What the task requires
Return the entries below word for word; no images should appear in the copy.

_ _ _ _

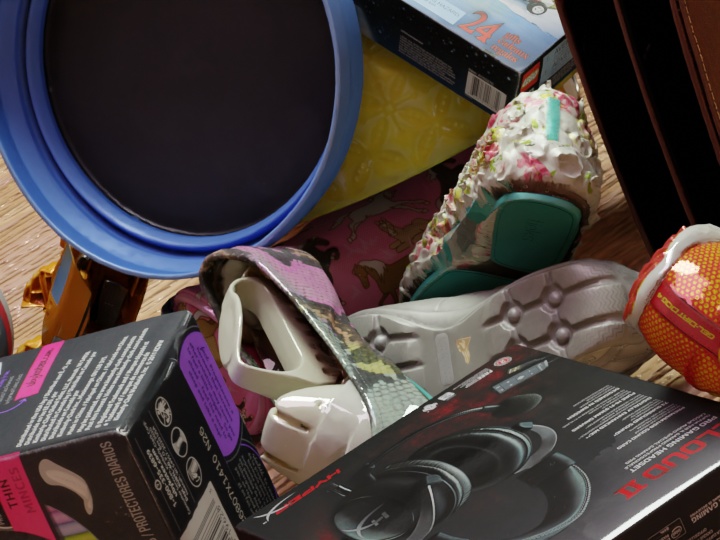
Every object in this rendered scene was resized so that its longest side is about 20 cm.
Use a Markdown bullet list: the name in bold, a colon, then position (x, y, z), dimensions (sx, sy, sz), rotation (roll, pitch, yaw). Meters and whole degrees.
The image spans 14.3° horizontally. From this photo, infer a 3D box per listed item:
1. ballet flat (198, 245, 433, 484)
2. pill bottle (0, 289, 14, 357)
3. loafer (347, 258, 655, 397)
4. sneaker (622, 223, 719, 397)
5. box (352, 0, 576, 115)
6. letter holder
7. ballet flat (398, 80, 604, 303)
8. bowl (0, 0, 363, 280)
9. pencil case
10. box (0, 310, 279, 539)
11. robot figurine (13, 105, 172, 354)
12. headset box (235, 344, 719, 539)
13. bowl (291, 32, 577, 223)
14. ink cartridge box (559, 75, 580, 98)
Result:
- **ballet flat**: position (-0.020, 0.054, 1.242), dimensions (0.071, 0.069, 0.200), rotation (6, 30, -33)
- **pill bottle**: position (-0.249, 0.070, 1.439), dimensions (0.120, 0.120, 0.200), rotation (-18, 21, 13)
- **loafer**: position (0.052, 0.043, 1.285), dimensions (0.200, 0.070, 0.070), rotation (-15, -18, 38)
- **sneaker**: position (0.177, 0.031, 1.109), dimensions (0.200, 0.073, 0.077), rotation (0, 38, -50)
- **box**: position (0.035, -0.165, 1.361), dimensions (0.200, 0.038, 0.137), rotation (34, 55, 20)
- **letter holder**: position (0.152, -0.062, 1.226), dimensions (0.101, 0.200, 0.142), rotation (-6, 27, 38)
- **ballet flat**: position (0.067, -0.024, 1.298), dimensions (0.076, 0.064, 0.200), rotation (12, -24, -12)
- **bowl**: position (-0.087, -0.097, 1.342), dimensions (0.200, 0.201, 0.039), rotation (-11, 4, 30)
- **pencil case**: position (0.000, 0.000, 1.406), dimensions (0.200, 0.083, 0.087), rotation (-33, 51, -25)
- **box**: position (-0.150, 0.112, 1.228), dimensions (0.200, 0.122, 0.106), rotation (-15, 23, 22)
- **robot figurine**: position (-0.126, -0.032, 1.467), dimensions (0.058, 0.200, 0.145), rotation (16, 31, -10)
- **headset box**: position (0.069, 0.108, 1.075), dimensions (0.149, 0.077, 0.200), rotation (-32, 21, -22)
- **bowl**: position (0.001, -0.111, 1.422), dimensions (0.200, 0.108, 0.200), rotation (-26, 12, 6)
- **ink cartridge box**: position (0.002, -0.123, 1.562), dimensions (0.198, 0.200, 0.043), rotation (-20, 58, 8)
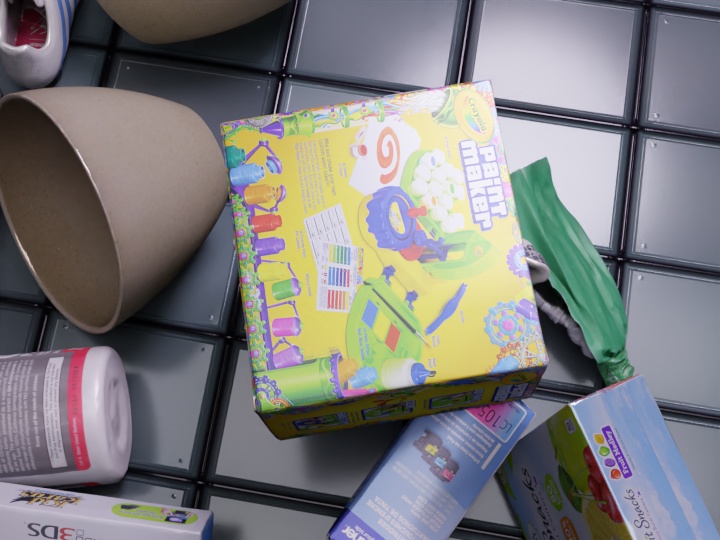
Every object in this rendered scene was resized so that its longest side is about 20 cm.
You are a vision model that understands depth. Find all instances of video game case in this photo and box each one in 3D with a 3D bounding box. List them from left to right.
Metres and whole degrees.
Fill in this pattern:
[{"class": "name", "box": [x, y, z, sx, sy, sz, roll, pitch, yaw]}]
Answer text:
[{"class": "video game case", "box": [-0.211, 0.273, 0.845, 0.179, 0.045, 0.203, 7, 100, 5]}]

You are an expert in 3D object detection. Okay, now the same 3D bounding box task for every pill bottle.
[{"class": "pill bottle", "box": [-0.292, 0.125, 0.896, 0.197, 0.111, 0.112, -5, 74, 0]}]

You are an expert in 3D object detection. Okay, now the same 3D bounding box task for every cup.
[{"class": "cup", "box": [-0.195, -0.068, 0.923, 0.142, 0.201, 0.201, -27, 73, -34]}, {"class": "cup", "box": [-0.161, -0.284, 0.976, 0.143, 0.200, 0.202, -36, 75, 19]}]

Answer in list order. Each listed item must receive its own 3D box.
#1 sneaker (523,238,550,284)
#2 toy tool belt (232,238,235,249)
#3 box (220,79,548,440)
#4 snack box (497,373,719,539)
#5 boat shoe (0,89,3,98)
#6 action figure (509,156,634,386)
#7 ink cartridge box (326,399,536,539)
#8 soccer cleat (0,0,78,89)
[{"class": "sneaker", "box": [0.055, 0.039, 0.857, 0.200, 0.077, 0.080, -44, 49, -10]}, {"class": "toy tool belt", "box": [0.000, 0.000, 0.927, 0.198, 0.125, 0.124, -12, 80, -31]}, {"class": "box", "box": [0.014, -0.004, 0.776, 0.190, 0.122, 0.203, -9, 73, 0]}, {"class": "snack box", "box": [0.181, 0.188, 0.818, 0.067, 0.200, 0.170, -19, 73, -15]}, {"class": "boat shoe", "box": [-0.338, -0.072, 0.972, 0.090, 0.071, 0.202, -19, 72, 0]}, {"class": "action figure", "box": [0.174, 0.008, 0.935, 0.118, 0.054, 0.202, -26, 87, -51]}, {"class": "ink cartridge box", "box": [0.041, 0.174, 0.859, 0.076, 0.137, 0.201, 36, 78, 7]}, {"class": "soccer cleat", "box": [-0.291, -0.268, 1.019, 0.069, 0.086, 0.203, 2, 74, 2]}]
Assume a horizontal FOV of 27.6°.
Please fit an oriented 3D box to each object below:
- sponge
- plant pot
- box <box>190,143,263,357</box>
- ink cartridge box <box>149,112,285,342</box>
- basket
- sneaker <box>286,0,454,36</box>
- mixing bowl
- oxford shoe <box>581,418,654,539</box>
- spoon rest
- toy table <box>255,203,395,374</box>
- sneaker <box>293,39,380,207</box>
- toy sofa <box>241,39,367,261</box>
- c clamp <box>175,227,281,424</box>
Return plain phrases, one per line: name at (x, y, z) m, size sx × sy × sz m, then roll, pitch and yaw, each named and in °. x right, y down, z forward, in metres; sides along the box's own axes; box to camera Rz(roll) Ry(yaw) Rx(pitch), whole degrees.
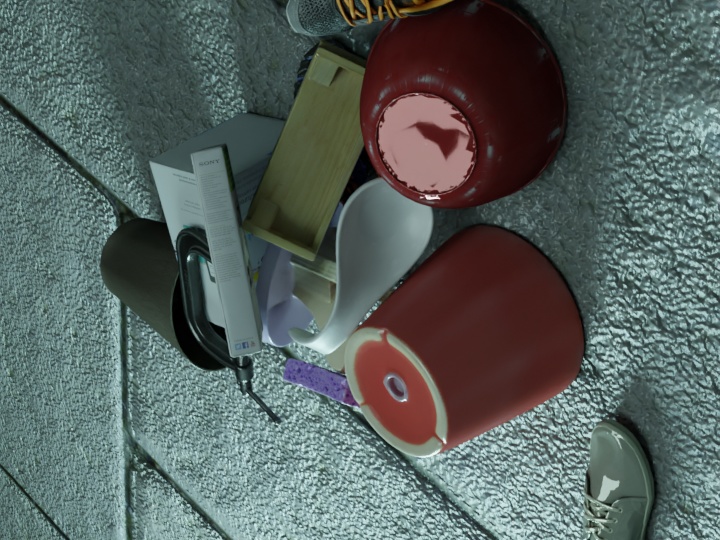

_ _ _ _

Response area
Every object in this rendered scene was resized so that its longest side is about 20 cm.
Use a Markdown bullet list: the name in bold, a colon, then position (x, y, z), dimensions (sx, sy, sz), rotation (roll, pitch, yaw). Meters and whole degrees.
The image spans 14.3° horizontally. From this photo, infer a 3D box per listed item:
1. ballet flat (198, 245, 433, 484)
2. pill bottle (0, 289, 14, 357)
3. loafer (347, 258, 655, 397)
4. sneaker (622, 223, 719, 397)
5. box (352, 0, 576, 115)
6. letter holder
7. ballet flat (398, 80, 604, 303)
8. bowl (0, 0, 363, 280)
9. pencil case
10. box (0, 310, 279, 539)
11. robot figurine (13, 105, 172, 354)
12. headset box (235, 344, 719, 539)
13. bowl (291, 32, 577, 223)
14. ink cartridge box (559, 75, 580, 98)
Result:
- **ballet flat**: position (-0.020, 0.054, 1.242), dimensions (0.071, 0.069, 0.200), rotation (6, 30, -33)
- **pill bottle**: position (-0.249, 0.070, 1.439), dimensions (0.120, 0.120, 0.200), rotation (-18, 21, 13)
- **loafer**: position (0.052, 0.043, 1.285), dimensions (0.200, 0.070, 0.070), rotation (-15, -18, 38)
- **sneaker**: position (0.177, 0.031, 1.109), dimensions (0.200, 0.073, 0.077), rotation (0, 38, -50)
- **box**: position (0.035, -0.165, 1.361), dimensions (0.200, 0.038, 0.137), rotation (34, 55, 20)
- **letter holder**: position (0.152, -0.062, 1.226), dimensions (0.101, 0.200, 0.142), rotation (-6, 27, 38)
- **ballet flat**: position (0.067, -0.024, 1.298), dimensions (0.076, 0.064, 0.200), rotation (12, -24, -12)
- **bowl**: position (-0.087, -0.097, 1.342), dimensions (0.200, 0.201, 0.039), rotation (-11, 4, 30)
- **pencil case**: position (0.000, 0.000, 1.406), dimensions (0.200, 0.083, 0.087), rotation (-33, 51, -25)
- **box**: position (-0.150, 0.112, 1.228), dimensions (0.200, 0.122, 0.106), rotation (-15, 23, 22)
- **robot figurine**: position (-0.126, -0.032, 1.467), dimensions (0.058, 0.200, 0.145), rotation (16, 31, -10)
- **headset box**: position (0.069, 0.108, 1.075), dimensions (0.149, 0.077, 0.200), rotation (-32, 21, -22)
- **bowl**: position (0.001, -0.111, 1.422), dimensions (0.200, 0.108, 0.200), rotation (-26, 12, 6)
- **ink cartridge box**: position (0.002, -0.123, 1.562), dimensions (0.198, 0.200, 0.043), rotation (-20, 58, 8)
Every object in this rendered scene was resized so that its longest side is about 20 cm.
You are a vision model that understands depth. Find all instances of video game case in this photo and box each one in 3D with a 3D bounding box. List them from left to right.
Metres and whole degrees.
Fill in this pattern:
[{"class": "name", "box": [x, y, z, sx, sy, sz, roll, pitch, yaw]}]
Answer text:
[{"class": "video game case", "box": [-0.211, 0.273, 0.845, 0.179, 0.045, 0.203, 7, 100, 5]}]

You are an expert in 3D object detection. Okay, now the same 3D bounding box task for every pill bottle.
[{"class": "pill bottle", "box": [-0.292, 0.125, 0.896, 0.197, 0.111, 0.112, -5, 74, 0]}]

You are an expert in 3D object detection. Okay, now the same 3D bounding box task for every cup.
[{"class": "cup", "box": [-0.195, -0.068, 0.923, 0.142, 0.201, 0.201, -27, 73, -34]}, {"class": "cup", "box": [-0.161, -0.284, 0.976, 0.143, 0.200, 0.202, -36, 75, 19]}]

Answer in list order. Each listed item must receive its own 3D box.
#1 sneaker (523,238,550,284)
#2 toy tool belt (232,238,235,249)
#3 box (220,79,548,440)
#4 snack box (497,373,719,539)
#5 boat shoe (0,89,3,98)
#6 action figure (509,156,634,386)
#7 ink cartridge box (326,399,536,539)
#8 soccer cleat (0,0,78,89)
[{"class": "sneaker", "box": [0.055, 0.039, 0.857, 0.200, 0.077, 0.080, -44, 49, -10]}, {"class": "toy tool belt", "box": [0.000, 0.000, 0.927, 0.198, 0.125, 0.124, -12, 80, -31]}, {"class": "box", "box": [0.014, -0.004, 0.776, 0.190, 0.122, 0.203, -9, 73, 0]}, {"class": "snack box", "box": [0.181, 0.188, 0.818, 0.067, 0.200, 0.170, -19, 73, -15]}, {"class": "boat shoe", "box": [-0.338, -0.072, 0.972, 0.090, 0.071, 0.202, -19, 72, 0]}, {"class": "action figure", "box": [0.174, 0.008, 0.935, 0.118, 0.054, 0.202, -26, 87, -51]}, {"class": "ink cartridge box", "box": [0.041, 0.174, 0.859, 0.076, 0.137, 0.201, 36, 78, 7]}, {"class": "soccer cleat", "box": [-0.291, -0.268, 1.019, 0.069, 0.086, 0.203, 2, 74, 2]}]
Assume a horizontal FOV of 27.6°.
Please fit an oriented 3D box to each object below:
- sponge
- plant pot
- box <box>190,143,263,357</box>
- ink cartridge box <box>149,112,285,342</box>
- basket
- sneaker <box>286,0,454,36</box>
- mixing bowl
- oxford shoe <box>581,418,654,539</box>
- spoon rest
- toy table <box>255,203,395,374</box>
- sneaker <box>293,39,380,207</box>
- toy sofa <box>241,39,367,261</box>
- c clamp <box>175,227,281,424</box>
Return plain phrases, one per line: name at (x, y, z) m, size sx × sy × sz m, then roll, pitch and yaw, each named and in °. x right, y down, z forward, in metres; sides along the box's own axes; box to camera Rz(roll) Ry(yaw) Rx(pitch), whole degrees.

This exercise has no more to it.